■ **Data listing**

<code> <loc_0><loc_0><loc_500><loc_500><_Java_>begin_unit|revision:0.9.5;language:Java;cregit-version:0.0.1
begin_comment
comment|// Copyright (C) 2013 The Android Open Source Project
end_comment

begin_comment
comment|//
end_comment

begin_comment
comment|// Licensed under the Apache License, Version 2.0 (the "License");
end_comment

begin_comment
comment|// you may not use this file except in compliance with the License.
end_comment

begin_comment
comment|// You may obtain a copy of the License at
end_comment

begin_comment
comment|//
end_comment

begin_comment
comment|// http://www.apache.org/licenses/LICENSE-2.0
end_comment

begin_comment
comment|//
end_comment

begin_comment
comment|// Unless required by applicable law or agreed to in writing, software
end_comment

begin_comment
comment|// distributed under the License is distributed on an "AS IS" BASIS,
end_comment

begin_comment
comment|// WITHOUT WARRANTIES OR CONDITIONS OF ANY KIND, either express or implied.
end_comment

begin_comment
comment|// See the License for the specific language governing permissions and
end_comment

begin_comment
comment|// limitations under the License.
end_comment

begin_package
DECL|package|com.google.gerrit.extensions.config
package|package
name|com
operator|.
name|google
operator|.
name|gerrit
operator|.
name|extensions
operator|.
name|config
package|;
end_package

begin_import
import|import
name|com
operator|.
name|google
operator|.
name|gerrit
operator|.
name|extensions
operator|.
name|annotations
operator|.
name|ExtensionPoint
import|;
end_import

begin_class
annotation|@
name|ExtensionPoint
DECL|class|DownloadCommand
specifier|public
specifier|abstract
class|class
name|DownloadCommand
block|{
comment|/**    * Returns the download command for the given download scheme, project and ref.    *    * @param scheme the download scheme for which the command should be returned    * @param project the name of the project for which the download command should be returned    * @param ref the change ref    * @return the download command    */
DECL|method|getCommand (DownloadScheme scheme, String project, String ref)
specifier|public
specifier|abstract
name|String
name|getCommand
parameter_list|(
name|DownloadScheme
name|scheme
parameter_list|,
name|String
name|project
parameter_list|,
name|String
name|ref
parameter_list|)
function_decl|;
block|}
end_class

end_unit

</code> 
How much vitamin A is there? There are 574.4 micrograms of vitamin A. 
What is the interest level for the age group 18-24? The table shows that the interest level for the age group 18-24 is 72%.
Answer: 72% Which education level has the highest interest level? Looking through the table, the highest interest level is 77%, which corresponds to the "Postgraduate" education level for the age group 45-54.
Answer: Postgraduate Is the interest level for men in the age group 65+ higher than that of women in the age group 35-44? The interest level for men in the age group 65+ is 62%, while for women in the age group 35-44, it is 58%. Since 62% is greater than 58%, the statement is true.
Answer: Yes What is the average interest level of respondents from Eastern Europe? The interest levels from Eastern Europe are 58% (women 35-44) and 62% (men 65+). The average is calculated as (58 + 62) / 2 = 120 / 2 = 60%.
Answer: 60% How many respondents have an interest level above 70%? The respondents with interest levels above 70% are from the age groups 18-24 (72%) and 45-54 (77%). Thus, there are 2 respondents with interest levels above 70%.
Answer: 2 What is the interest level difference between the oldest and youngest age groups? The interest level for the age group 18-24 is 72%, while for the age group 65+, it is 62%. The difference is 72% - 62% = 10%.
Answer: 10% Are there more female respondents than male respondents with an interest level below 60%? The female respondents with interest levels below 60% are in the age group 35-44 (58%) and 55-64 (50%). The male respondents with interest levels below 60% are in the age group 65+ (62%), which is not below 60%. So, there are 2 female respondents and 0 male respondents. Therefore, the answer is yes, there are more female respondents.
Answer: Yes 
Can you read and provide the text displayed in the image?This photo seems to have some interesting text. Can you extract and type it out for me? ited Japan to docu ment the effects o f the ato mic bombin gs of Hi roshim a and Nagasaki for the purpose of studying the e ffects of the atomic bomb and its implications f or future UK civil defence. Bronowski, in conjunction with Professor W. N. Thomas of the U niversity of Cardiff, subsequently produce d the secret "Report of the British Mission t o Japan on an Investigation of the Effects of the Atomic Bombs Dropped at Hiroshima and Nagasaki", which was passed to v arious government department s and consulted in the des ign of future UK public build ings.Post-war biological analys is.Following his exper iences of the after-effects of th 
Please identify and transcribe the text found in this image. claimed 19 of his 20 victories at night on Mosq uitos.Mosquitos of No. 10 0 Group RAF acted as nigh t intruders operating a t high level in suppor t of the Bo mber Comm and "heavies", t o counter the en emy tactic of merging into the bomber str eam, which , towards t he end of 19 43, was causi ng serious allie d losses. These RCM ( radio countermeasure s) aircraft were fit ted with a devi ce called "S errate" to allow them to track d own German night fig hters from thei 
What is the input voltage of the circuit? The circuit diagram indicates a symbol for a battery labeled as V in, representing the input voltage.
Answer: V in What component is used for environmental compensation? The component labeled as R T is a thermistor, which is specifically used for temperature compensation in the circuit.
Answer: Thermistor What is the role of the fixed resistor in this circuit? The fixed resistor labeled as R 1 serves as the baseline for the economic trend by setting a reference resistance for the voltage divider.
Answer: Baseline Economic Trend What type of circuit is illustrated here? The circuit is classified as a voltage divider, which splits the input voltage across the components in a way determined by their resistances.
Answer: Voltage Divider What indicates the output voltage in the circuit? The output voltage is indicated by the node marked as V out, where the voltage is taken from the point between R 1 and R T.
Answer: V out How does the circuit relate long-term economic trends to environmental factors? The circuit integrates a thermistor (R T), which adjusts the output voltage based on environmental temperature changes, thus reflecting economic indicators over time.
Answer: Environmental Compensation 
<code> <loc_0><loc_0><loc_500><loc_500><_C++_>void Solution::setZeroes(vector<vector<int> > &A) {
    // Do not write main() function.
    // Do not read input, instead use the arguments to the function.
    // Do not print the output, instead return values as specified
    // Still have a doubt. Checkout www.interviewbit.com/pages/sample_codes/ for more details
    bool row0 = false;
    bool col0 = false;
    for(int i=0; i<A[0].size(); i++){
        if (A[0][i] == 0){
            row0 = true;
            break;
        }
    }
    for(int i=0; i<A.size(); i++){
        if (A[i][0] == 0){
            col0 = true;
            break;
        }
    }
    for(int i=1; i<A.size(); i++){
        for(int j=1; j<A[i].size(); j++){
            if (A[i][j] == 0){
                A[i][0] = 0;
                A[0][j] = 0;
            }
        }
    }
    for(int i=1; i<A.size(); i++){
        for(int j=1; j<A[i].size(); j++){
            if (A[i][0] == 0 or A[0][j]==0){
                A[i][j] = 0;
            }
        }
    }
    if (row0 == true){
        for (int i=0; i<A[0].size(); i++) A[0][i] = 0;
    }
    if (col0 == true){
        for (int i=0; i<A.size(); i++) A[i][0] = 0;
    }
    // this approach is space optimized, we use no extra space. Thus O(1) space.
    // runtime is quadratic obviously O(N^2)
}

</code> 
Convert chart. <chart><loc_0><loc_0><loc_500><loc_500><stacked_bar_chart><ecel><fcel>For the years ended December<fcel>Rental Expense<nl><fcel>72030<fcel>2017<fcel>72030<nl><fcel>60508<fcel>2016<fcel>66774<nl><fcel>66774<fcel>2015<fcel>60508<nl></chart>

■ **Problem**
Whenever the string "DownloadCommand" shows up in a line above, copy that line.

■ **Exercise solution**
DECL|class|DownloadCommand
name|DownloadCommand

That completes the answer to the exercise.